Work item:
Across the entries below, how many lines contain the string "case"? Only the number is wanted.

┏━━

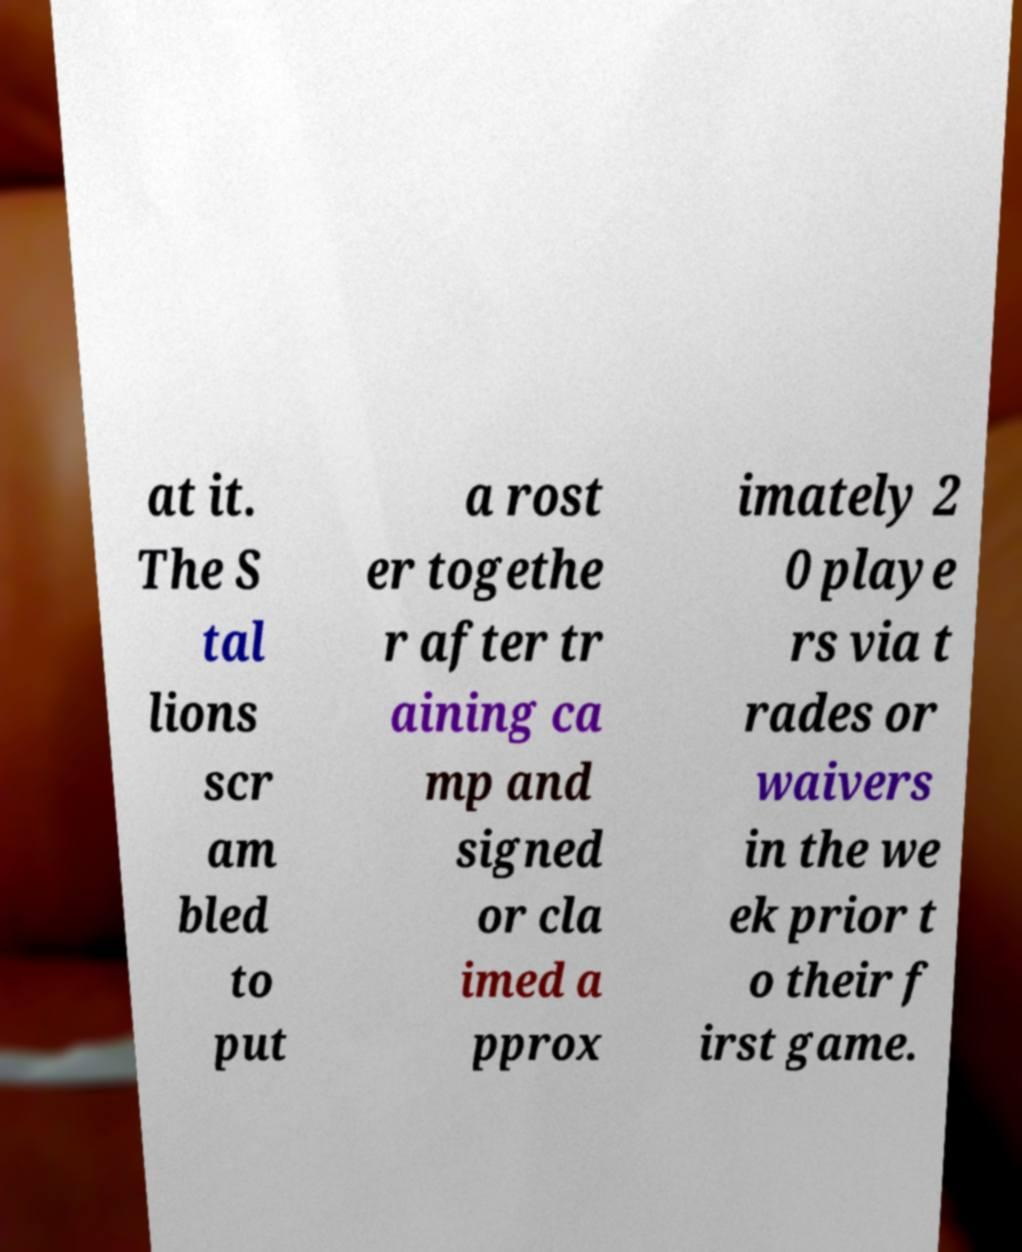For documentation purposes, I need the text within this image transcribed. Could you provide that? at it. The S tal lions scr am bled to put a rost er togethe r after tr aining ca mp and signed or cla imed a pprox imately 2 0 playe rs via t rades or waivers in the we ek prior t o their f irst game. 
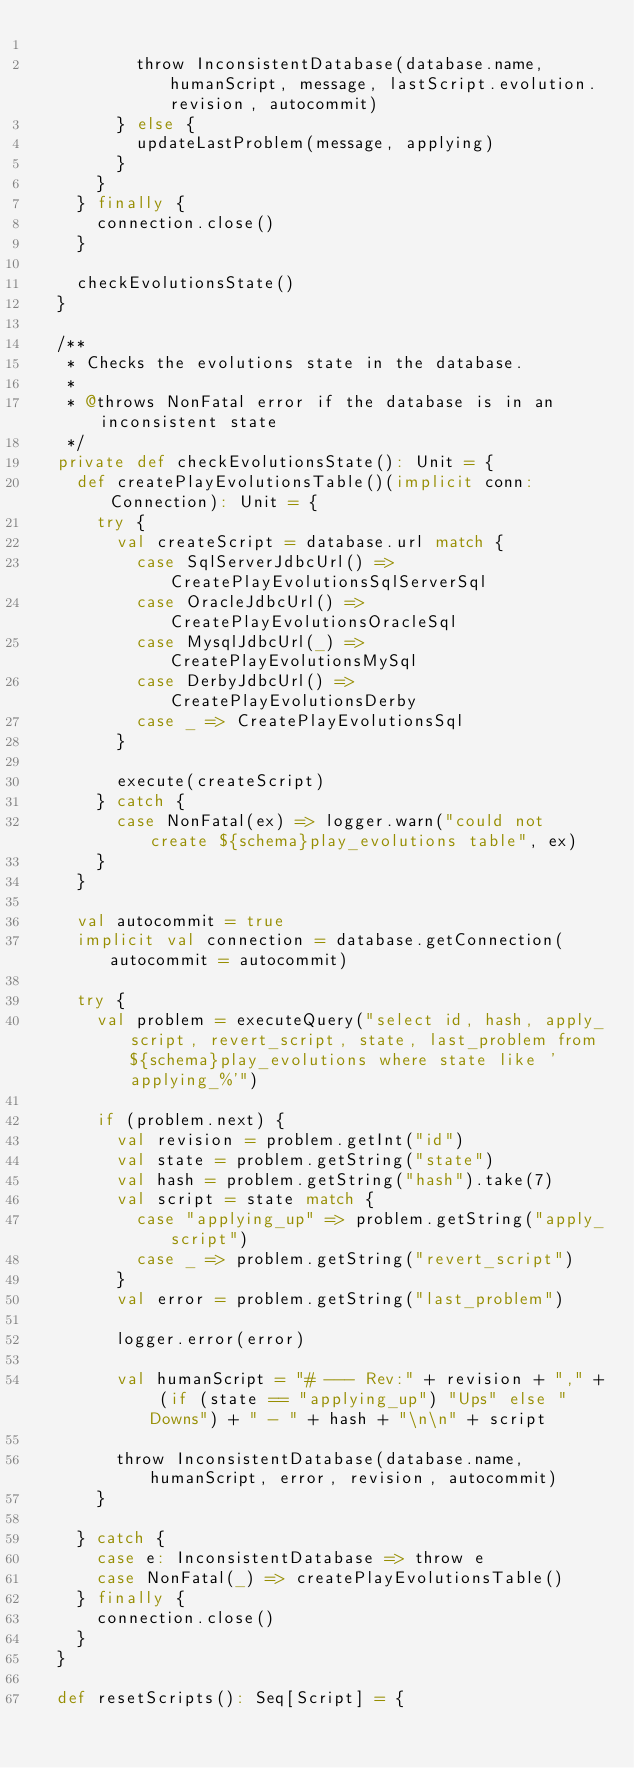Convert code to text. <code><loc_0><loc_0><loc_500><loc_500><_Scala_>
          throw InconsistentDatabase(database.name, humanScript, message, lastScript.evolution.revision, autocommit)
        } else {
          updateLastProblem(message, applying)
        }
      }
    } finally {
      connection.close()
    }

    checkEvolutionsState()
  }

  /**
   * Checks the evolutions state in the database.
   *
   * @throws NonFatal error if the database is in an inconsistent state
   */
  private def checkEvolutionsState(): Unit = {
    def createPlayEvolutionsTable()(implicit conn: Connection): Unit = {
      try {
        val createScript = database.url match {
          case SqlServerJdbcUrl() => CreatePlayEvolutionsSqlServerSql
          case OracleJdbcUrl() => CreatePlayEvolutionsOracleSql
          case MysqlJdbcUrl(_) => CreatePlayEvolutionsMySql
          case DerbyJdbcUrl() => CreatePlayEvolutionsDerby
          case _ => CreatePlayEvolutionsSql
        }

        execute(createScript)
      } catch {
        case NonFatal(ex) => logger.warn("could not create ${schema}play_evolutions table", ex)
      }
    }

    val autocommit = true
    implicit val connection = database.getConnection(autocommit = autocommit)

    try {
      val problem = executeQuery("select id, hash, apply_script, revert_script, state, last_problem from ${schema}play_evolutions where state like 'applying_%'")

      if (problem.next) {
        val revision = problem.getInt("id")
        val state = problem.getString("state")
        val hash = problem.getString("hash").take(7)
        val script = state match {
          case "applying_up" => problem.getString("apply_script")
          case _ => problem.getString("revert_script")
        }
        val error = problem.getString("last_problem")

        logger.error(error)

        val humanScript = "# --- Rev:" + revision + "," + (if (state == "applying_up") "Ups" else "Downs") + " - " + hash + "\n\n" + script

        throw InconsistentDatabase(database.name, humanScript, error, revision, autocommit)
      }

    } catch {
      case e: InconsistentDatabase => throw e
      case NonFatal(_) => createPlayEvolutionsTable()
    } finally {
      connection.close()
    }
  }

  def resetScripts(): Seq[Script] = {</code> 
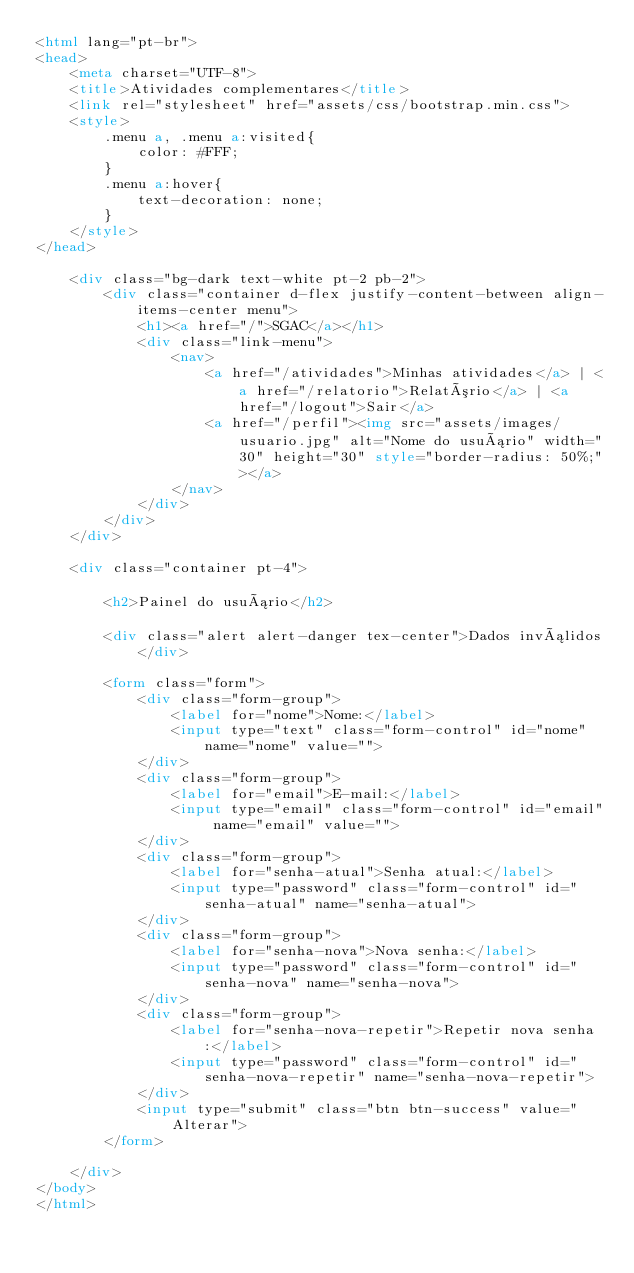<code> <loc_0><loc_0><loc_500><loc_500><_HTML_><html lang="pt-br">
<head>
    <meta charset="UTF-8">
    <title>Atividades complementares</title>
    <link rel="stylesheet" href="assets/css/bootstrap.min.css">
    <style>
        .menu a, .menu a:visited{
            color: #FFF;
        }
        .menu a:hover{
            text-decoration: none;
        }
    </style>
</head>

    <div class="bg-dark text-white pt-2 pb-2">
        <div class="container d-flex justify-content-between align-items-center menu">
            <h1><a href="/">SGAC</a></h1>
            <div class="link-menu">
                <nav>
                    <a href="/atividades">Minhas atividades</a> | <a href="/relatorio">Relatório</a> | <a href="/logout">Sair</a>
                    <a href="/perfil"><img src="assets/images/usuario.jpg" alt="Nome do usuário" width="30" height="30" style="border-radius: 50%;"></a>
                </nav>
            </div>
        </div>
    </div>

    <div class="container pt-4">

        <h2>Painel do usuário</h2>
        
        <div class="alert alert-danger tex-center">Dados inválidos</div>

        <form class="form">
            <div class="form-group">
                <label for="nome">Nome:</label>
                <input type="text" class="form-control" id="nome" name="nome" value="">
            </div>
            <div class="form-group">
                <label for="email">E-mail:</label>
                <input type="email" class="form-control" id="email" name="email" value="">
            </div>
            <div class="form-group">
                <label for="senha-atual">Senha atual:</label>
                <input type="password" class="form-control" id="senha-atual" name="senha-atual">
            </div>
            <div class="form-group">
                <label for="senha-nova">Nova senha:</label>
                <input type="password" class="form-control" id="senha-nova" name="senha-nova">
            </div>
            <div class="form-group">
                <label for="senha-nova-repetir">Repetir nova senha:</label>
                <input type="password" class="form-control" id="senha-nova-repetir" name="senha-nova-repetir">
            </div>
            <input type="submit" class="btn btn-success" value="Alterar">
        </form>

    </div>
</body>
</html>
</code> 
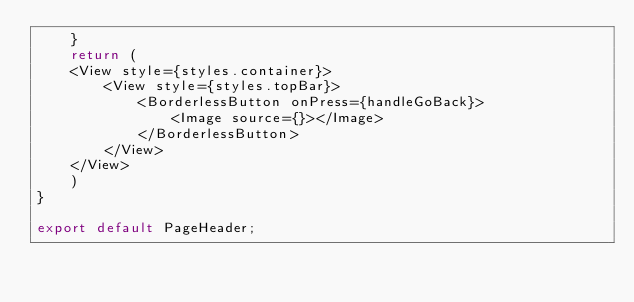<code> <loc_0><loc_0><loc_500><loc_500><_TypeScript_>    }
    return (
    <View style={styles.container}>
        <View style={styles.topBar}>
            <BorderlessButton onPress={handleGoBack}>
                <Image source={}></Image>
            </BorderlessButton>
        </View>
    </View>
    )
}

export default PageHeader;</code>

┗━━

Exercise answer:
10